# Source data

[Start of section]

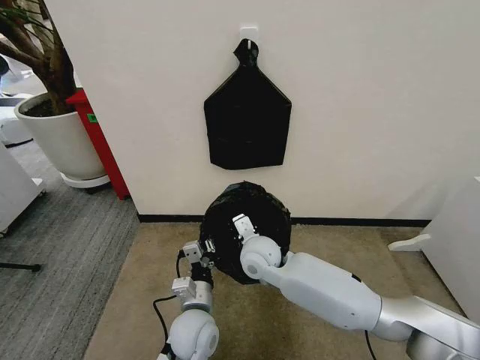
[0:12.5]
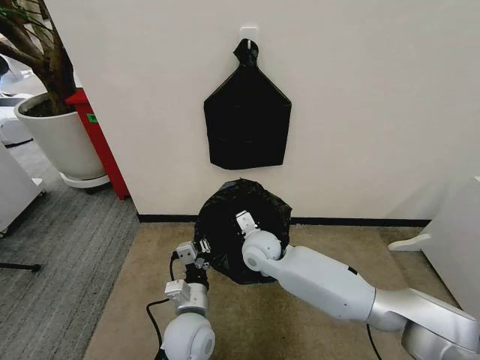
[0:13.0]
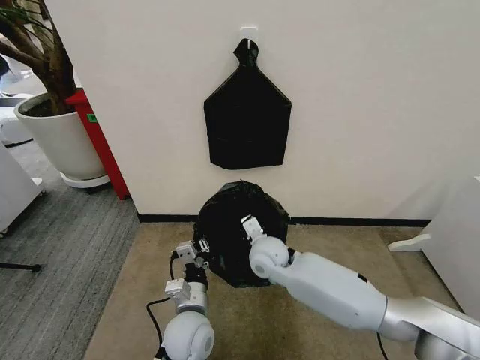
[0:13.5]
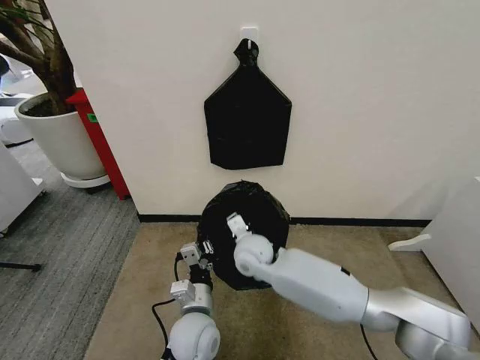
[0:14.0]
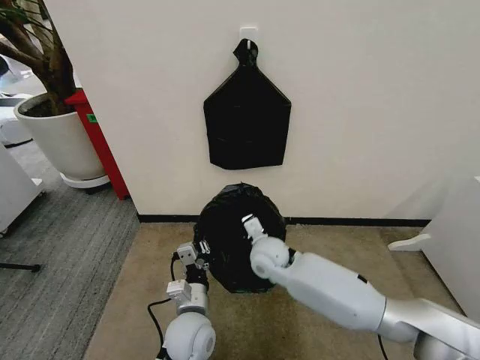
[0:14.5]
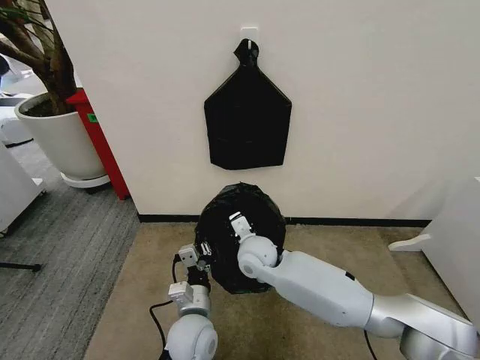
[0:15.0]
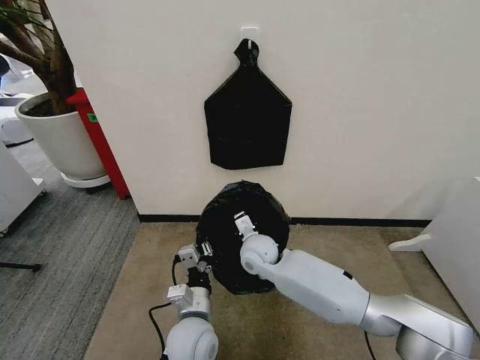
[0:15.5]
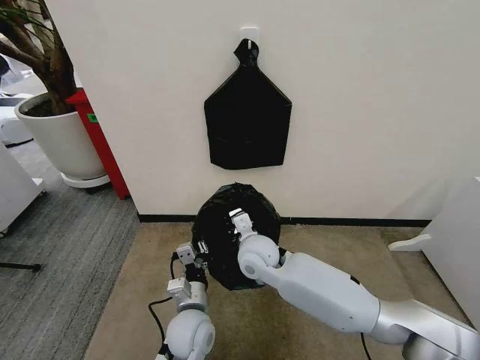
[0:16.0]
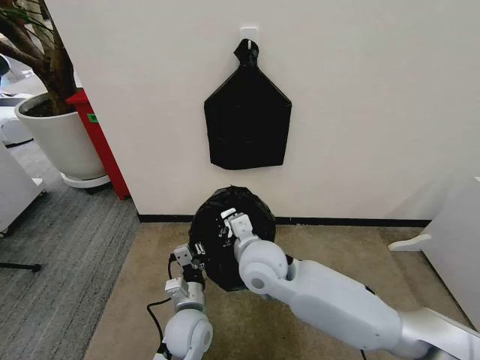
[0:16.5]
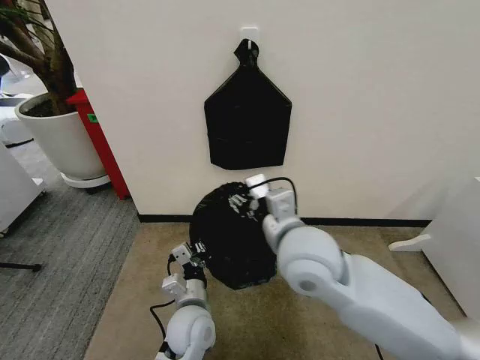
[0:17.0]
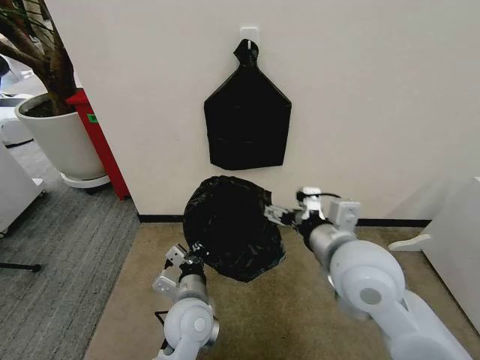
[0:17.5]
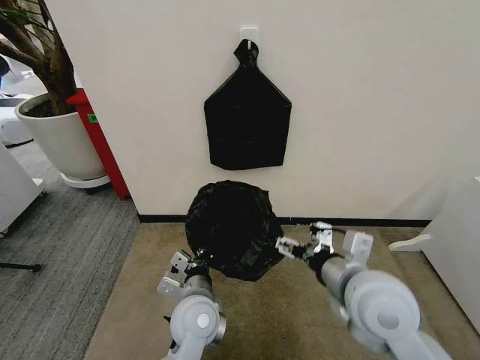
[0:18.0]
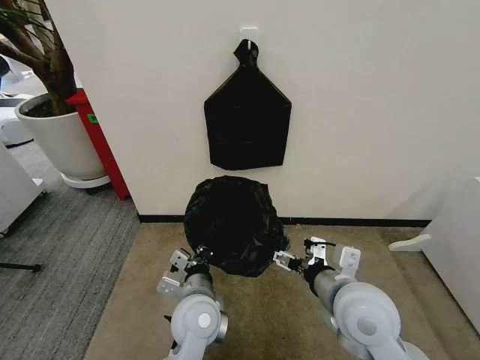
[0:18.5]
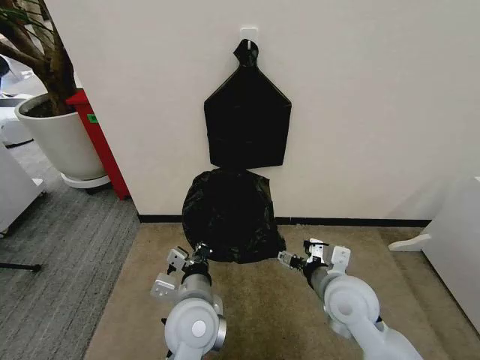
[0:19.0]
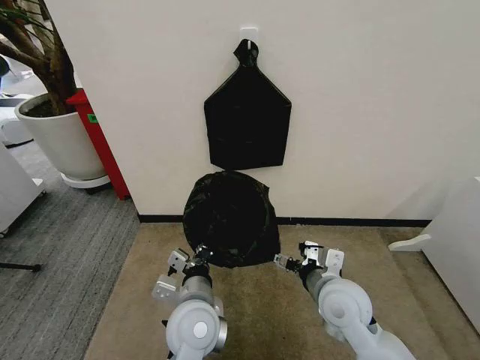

[End of section]

# PROBLEM
Exact reproduction of the entries above is what's needed; images stay out.

# TASK OUTPUT
[0:12.5]
[0:13.0]
[0:13.5]
[0:14.0]
[0:14.5]
[0:15.0]
[0:15.5]
[0:16.0]
[0:16.5]
[0:17.0]
[0:17.5]
[0:18.0]
[0:18.5]
[0:19.0]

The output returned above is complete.